Which is better, concerning the implementation of the database for any web application: a lean and incredibly small database with just the bare information, on the sides having a application that "recalculates" all of the secondary information, when needed, according to individuals fundamental ones, OR, a database full of all individuals secondary information already formerly calculated, but possibly outdated?

Clearly, there's a trade-of there and i believe that anybody would state that the very best response to this is: "is dependent" or "is really a mix between your two". But I am not really to comfortable or experienced enough to reason alone relating to this subject. Could someone share some ideas?

Also, another different question: Should a database function as the "snapshot" of the particular instant or should a database accumulate all the details from previous time, permitting the retrace of the items happened? For example, let us state that I am modeling a Banking Account. Must I only keep your a person's balance tomorrow, or must i keep all of the a person's transactions, and from individuals transactions infer the total amount?

Any pointer about this type of stuff that's, in some way, more deep in database design?


My quick answer is always to store my way through the database. The price of storage is way less than the price of processing when speaking about very massive programs. On small-scale programs, the information could be much less, so storage would be a suitable solution.

Most RDMSes are very proficient at handling huge levels of data, then when you will find millions/billions of records, the information can nonetheless be removed relatively rapidly, which can not be stated about processing the information by hand every time.

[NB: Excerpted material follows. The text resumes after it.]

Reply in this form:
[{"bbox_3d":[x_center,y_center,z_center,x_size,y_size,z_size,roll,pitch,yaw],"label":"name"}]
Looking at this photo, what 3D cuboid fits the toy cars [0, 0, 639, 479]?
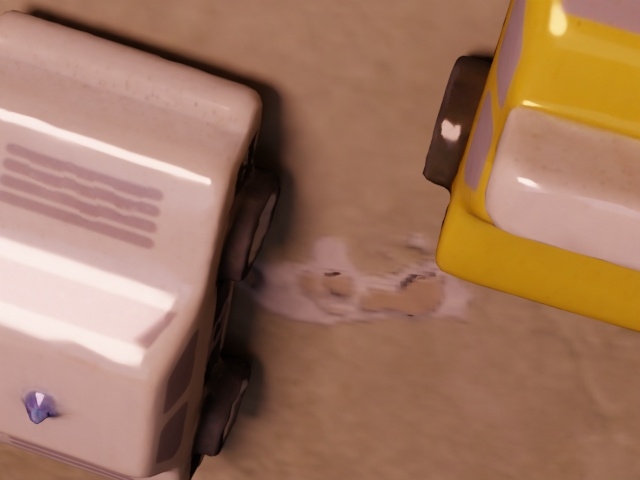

If you opt to calculate data instead of store it, the processing time does not increase in the same rate as how big data does - the greater data ~ the greater customers. This could generally imply that processing occasions would multiply through the data's size and the amount of customers.

processing_time = data_size * num_users

To reply to your other question, It might be best practice introducing a "snapshot" of the particular moment only if data comes down to such unparalleled combination that processing time is going to be significant.

When calculating a large amount, for example bank balances, it might be sound practice to keep caused by any heavy information, together with their date stamp, towards the database. This could simply mean that they'll not require calculating again until it might be outdated.

I'd say begin just monitoring the information you'll need and carry out the information quickly, but through the design process and well in to the test/manufacture of the program bear in mind you will probably have to change to storing the pre-calculated values sooner or later. Design having the ability to proceed to that model when the need arises.

Adding the pre-calculated values is just one of individuals stuff that sounds good (because oftentimes it is good) but is probably not needed. Keep your design as easy as it must be. If performance becomes an problem in doing the information quickly, you'll be able to add fields towards the database to keep the information and operate a batch overnight to trap up and complete the legacy data.

For the banking metaphor, certainly store an entire record of transactions. Store data that's relevant. A database ought to be an outlet of information, past and offer. Audit trails, etc. The "current condition" may either be calculated quickly or it may be maintained inside a flat table and re-calculated throughout creates with other tables (triggers are great for your kind of factor) if performance demands it.

It is dependent :) Persisting derived data within the database could be helpful since it allows you to definitely implement constraints along with other logic against it. Therefore it may be indexed or else you may have the ability to place the information inside a view. Regardless, attempt to stay with Boyce-Codd / fifth Normal Form like a guide for the database design. Unlike that which you may sometimes hear, normalization does not mean you can't store derived data - it simply means data should not be based on nonkey characteristics within the same table.

Essentially any database is an eye on the known details at a certain point over time. Most databases include a while component plus some information is maintained whereas some isn't - needs should dictate this.